The name Galbraith was synonymous with Kootenay at the time. Among the earliest settlers at Galbraith's Ferry (later Fort Steele) the Galbraiths were entrepreneurs and landowners of the first order. The family owned a large amount of land that included Joseph's Prairie, an area James Baker viewed as a prime location. So saying, he duly purchased some 480 acres in August, 1885, for nearly $20,000, and set up shop at the former Galbraith ranch on the gently rising hill to the southeast of the prairie. The rough settlement included a lumber mill, a store, a barn, a few dwellings, and the district customs house. He added more acreage in 1886 and 1887 for a total of nearly 6,000 acres (about half the size of present day Cranbrook). Of that, about 100 acres was cultivated as farm land, yielding hay, wheat, oats and vegetables. He also ran a store that sold both necessities and hard to find items, often imported from England.
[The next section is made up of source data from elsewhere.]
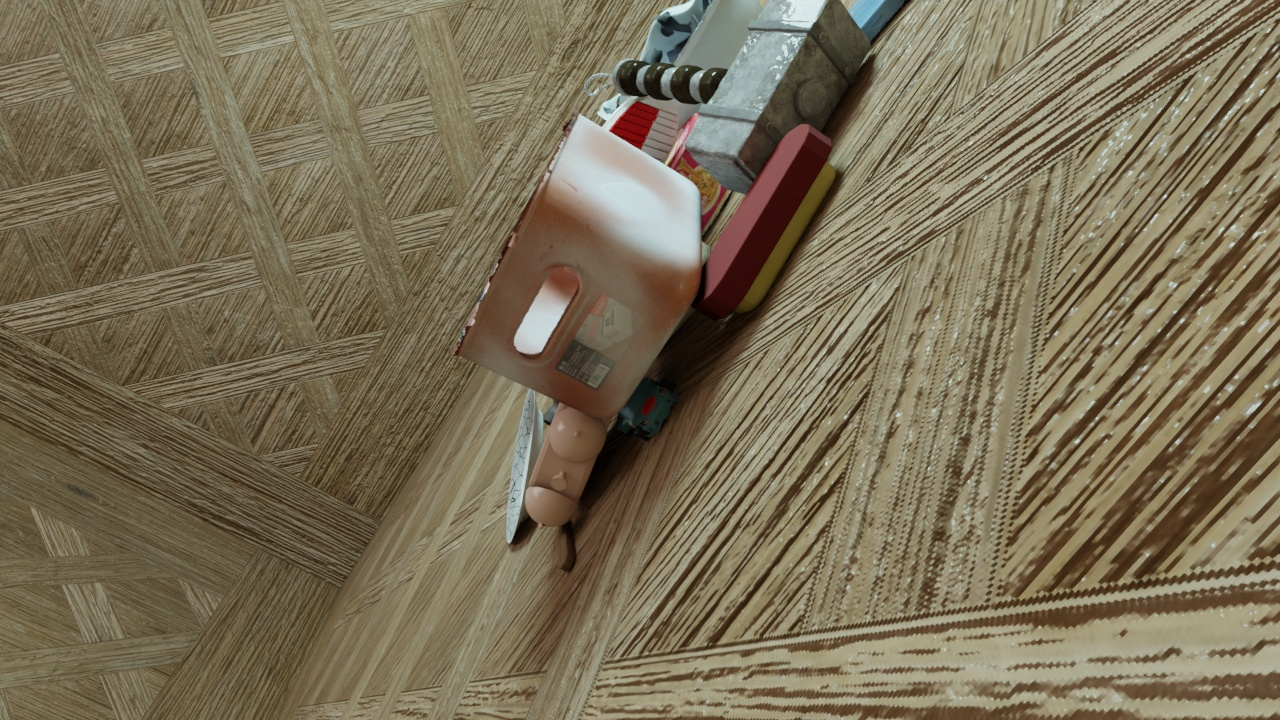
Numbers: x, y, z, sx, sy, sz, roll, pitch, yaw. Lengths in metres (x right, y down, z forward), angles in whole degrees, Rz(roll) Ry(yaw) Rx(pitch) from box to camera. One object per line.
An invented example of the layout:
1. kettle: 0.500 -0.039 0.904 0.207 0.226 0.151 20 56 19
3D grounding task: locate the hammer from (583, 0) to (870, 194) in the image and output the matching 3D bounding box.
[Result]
1. hammer: 0.056 -0.275 0.916 0.326 0.079 0.177 27 85 48

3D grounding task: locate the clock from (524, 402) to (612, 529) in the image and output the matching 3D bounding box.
1. clock: -0.073 0.071 0.892 0.160 0.086 0.131 -86 16 -60

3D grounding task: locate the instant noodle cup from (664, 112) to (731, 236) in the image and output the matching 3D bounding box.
1. instant noodle cup: 0.051 -0.199 1.101 0.179 0.077 0.178 -56 11 17

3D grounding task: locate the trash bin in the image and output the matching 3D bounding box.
1. trash bin: -0.045 -0.090 0.839 0.182 0.157 0.259 -57 13 26

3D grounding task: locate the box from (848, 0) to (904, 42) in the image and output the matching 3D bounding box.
1. box: 0.232 -0.354 0.876 0.210 0.021 0.125 -45 19 46

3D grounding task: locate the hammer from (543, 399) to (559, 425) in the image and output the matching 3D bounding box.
1. hammer: -0.091 0.007 1.060 0.115 0.033 0.323 -62 -6 -10

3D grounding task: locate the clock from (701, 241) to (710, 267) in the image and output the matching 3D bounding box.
1. clock: 0.027 -0.104 1.019 0.093 0.054 0.140 -57 15 9

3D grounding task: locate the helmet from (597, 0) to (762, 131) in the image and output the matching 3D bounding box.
1. helmet: 0.080 -0.373 1.195 0.265 0.163 0.236 -19 41 63

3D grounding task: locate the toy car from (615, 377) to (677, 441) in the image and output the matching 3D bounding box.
1. toy car: 0.000 0.041 0.841 0.060 0.027 0.108 -61 12 -7

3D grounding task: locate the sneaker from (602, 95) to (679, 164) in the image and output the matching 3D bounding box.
1. sneaker: -0.048 -0.230 1.098 0.237 0.090 0.104 -59 40 28

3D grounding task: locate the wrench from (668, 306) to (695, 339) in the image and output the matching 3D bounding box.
1. wrench: -0.006 0.006 0.979 0.274 0.018 0.066 -48 16 36

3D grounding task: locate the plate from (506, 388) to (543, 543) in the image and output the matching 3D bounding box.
1. plate: -0.137 0.125 1.103 0.189 0.016 0.188 -172 91 -78

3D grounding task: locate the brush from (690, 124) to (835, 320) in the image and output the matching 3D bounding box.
1. brush: 0.103 -0.108 0.753 0.173 0.042 0.082 -59 12 0

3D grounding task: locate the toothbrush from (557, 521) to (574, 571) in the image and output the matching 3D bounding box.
1. toothbrush: -0.076 0.161 0.885 0.016 0.016 0.166 -59 13 8

He named his property Cranbrook Farm, after the town in Kent, England, where his ancestors had once maintained an estate. Further, he fenced his open prairie, an act that did not sit well with the local natives although impending violence was averted by the arrival of Sam Steele and his men of the North West Mounted Police.

James consolidated his position as a man of influence in the mid-1880s, when he was elected Member of Parliament for the Kootenays, a position he would hold for many years. During this time, along with his political duties, he formed a syndicate with William Fernie and Arthur Fenwick for the exploration and mining of coal under the Crow's Nest Company. So too, was the Crows Nest Pass marked as the easiest route for the southern railway to enter British Columbia.

The Ft. Steele Prospector newspaper, published by editor A.B. Grace, himself an ardent booster of his town and an even more ardent detractor of James Baker and all things Cranbrook, fired a typical broadside in July 1897, declaring James Baker "...played the traitor and outraged the sacred trust reposed in him." Further, he was "...prostituting his position as our representative [Member of Parliament] for selfish purposes and personal gain even though he has denied it several times."

When one considers the vitriol exhibited it should be recalled that when James Baker was elected as Kootenay member of parliament the majority of his constituents were centered in and around Fort Steele. It is easy to understand that they felt betrayed by their political representative. On the other hand, in the same newspaper it is noted that, according to Mr. Grace, the assessed value of Ft. Steele amounted to 300 property lots worth $63,960 or $213.20 per lot versus Cranbrook with 1,088 lots at $72,130, or $66.30 per lot. This may, in fact, have been an important factor in the CPR's decision to choose Cranbrook as the site of their depot.

There is some evidence to suggest that Fort Steele land speculators hiked their prices appreciably in expectation of the coming of the CPR. It was a ploy with which the railway was all too familiar. The fact that Mr. Baker went so far as to grant 50 per cent of his Cranbrook Townsite to the CPR must certainly have further influenced their final decision.

Still, the actual bottom line may well be found in a letter from CPR chief Engineer Lumsden, in 1897, in which it is stated that the railway "...could not be located nearer to Ft. Steele than it is without damaging the character of the line by increasing the length and the gradients." Simply put, it was safer and easier to build the railway line through Wardner and on to Cranbrook than to go through Fort Steele.

The decision spelled eventual doom for the town of Fort Steele, forever foiling the hopes of those who had invested there.

With the arrival of the CPR to the Cranbrook Townsite in 1898 and the rapid growth of the town, James Baker must have felt a definite pride. He may too have felt much of his work was done for he returned to England in 1900, leaving his interests under the care of his son Valentine Hyde Baker.

James Baker, a man of intelligence, grace and dignity, died of heart failure, age 76, at Parkstone, England, on July 31, 1906.